Figure out the number of lines in the data that hold the string "object". Reply with that figure only.

------------------------------------

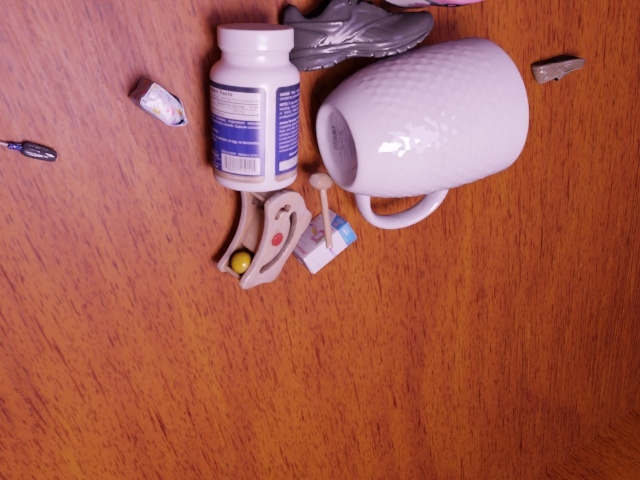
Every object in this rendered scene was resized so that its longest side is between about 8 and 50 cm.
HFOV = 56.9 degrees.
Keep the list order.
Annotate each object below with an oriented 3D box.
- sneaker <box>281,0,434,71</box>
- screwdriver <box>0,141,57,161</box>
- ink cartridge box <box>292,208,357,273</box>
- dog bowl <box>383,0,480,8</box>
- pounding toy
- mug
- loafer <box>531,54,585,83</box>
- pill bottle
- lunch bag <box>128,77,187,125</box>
[{"bbox_3d":[0.066,-0.387,1.054,0.287,0.109,0.130,-14,113,-10],"label":"sneaker"},{"bbox_3d":[-0.492,-0.147,0.900,0.170,0.024,0.025,8,80,-33],"label":"screwdriver"},{"bbox_3d":[0.000,0.000,1.243,0.122,0.088,0.052,-41,129,-8],"label":"ink cartridge box"},{"bbox_3d":[0.231,-0.581,0.971,0.408,0.150,0.407,-20,130,-26],"label":"dog bowl"},{"bbox_3d":[-0.074,-0.021,1.119,0.269,0.155,0.154,-59,152,7],"label":"pounding toy"},{"bbox_3d":[0.173,-0.181,1.154,0.328,0.276,0.373,-18,133,-21],"label":"mug"},{"bbox_3d":[0.569,-0.412,1.421,0.148,0.056,0.050,-14,121,-15],"label":"loafer"},{"bbox_3d":[-0.112,-0.229,1.014,0.153,0.153,0.264,-11,119,-28],"label":"pill bottle"},{"bbox_3d":[-0.263,-0.224,0.974,0.083,0.071,0.053,40,85,-37],"label":"lunch bag"}]

------------------------------------

• [EXERCISE ANSWER]: 2